Comment by modeless

5 hours ago

It's so difficult to compare these models because they're not running the same set of evals. I think literally the only eval variant that was reported for both Opus 4.6 and GPT-5.3-Codex is Terminal-Bench 2.0, with Opus 4.6 at 65.4% and GPT-5.3-Codex at 77.3%. None of the other evals were identical, so the numbers for them are not comparable.

5 comments

modeless

alexhans 4 hours ago

Isn't the best eval the one you build yourself, for your own use cases and value production?

I encourage people to try. You can even timebox it and come up with some simple things that might look initially insufficient but that discomfort is actually a sign that there's something there.
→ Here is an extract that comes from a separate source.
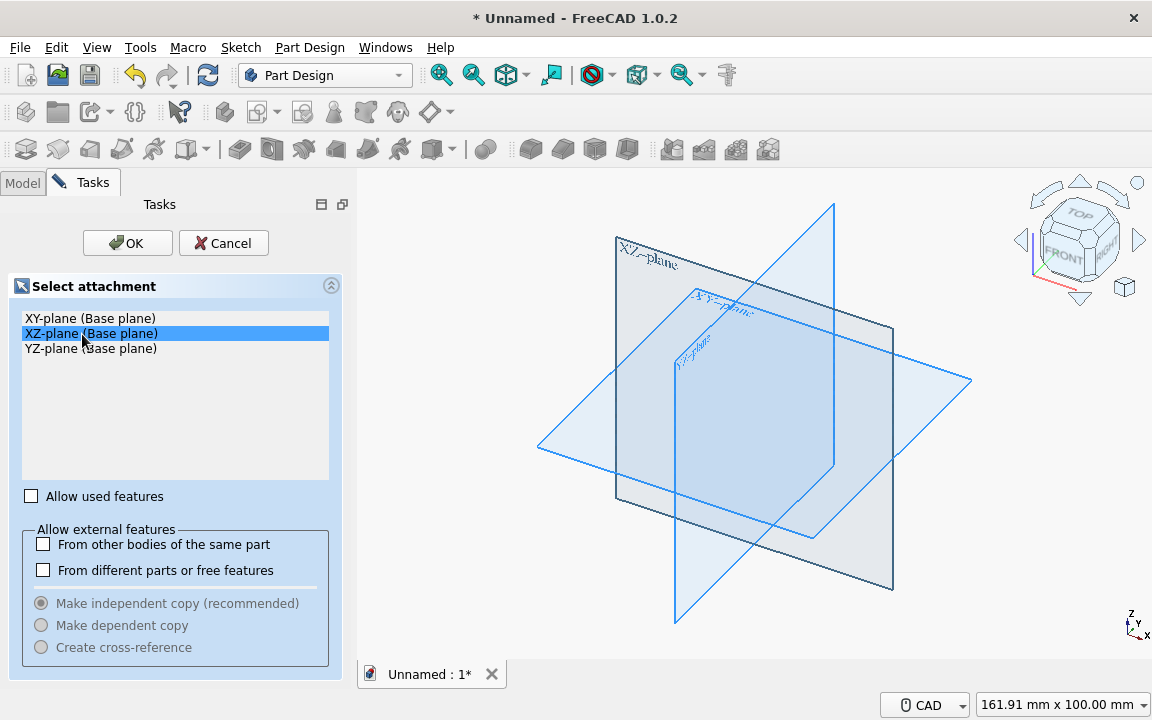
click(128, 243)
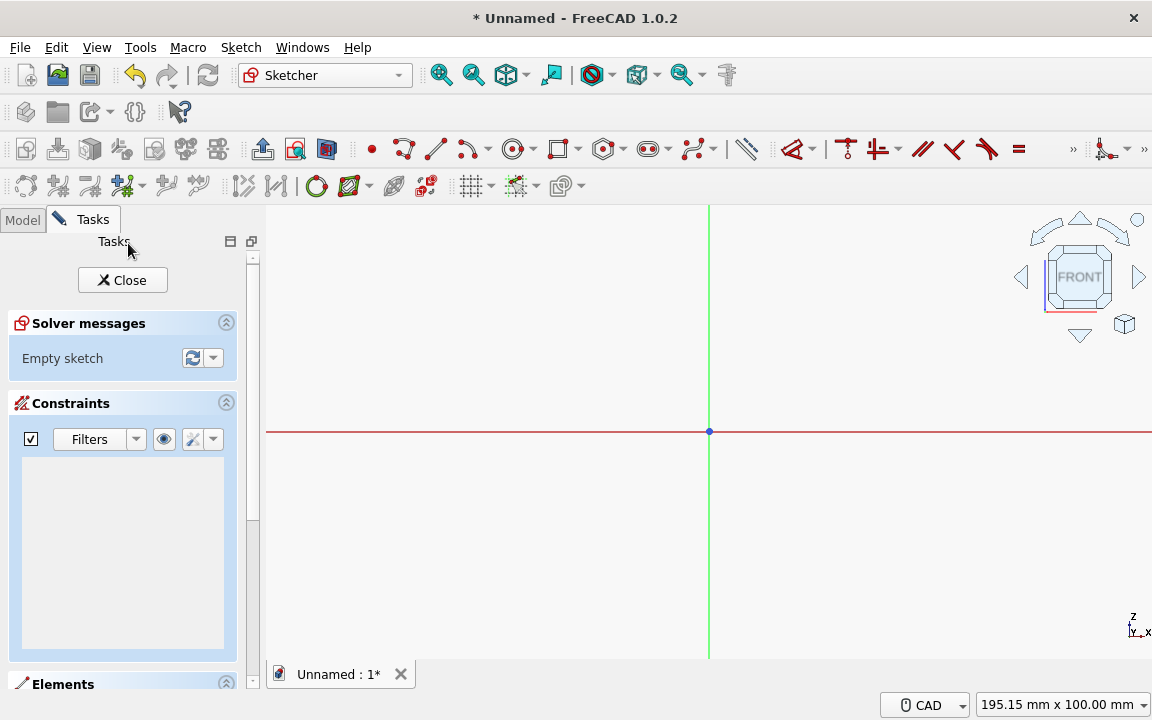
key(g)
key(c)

Very similar to moving from not having unit/integration tests for design or regression and starting to have them.

rsanek 5 hours ago

I usually wait to see what ArtificialAnalysis says for a direct comparison.

input_sh 5 hours ago

It's better on a benchmark I've never heard of!? That is groundbreaking, I'm switching immediately!

modeless 5 hours ago
I also wasn't that familiar with it, but the Opus 4.6 announcement leaned pretty heavily on the TerminalBench 2.0 score to quantify how much of an improvement it was for coding, so it looks pretty bad for Anthropic that OpenAI beat them on that specific benchmark so soundly.
Looking at the Opus model card I see that they also have by far the highest score for a single model on ARC-AGI-2. I wonder why they didn't advertise that.
- input_sh 5 hours ago
  
  No way! Must be a coinkydink, no way OpenAI knew ahead of time that Anthropic was gonna put a focus on that specific useless benchmark as opposed to all the other useless benchmarks!?
  I'm firing 10 people now instead of 5!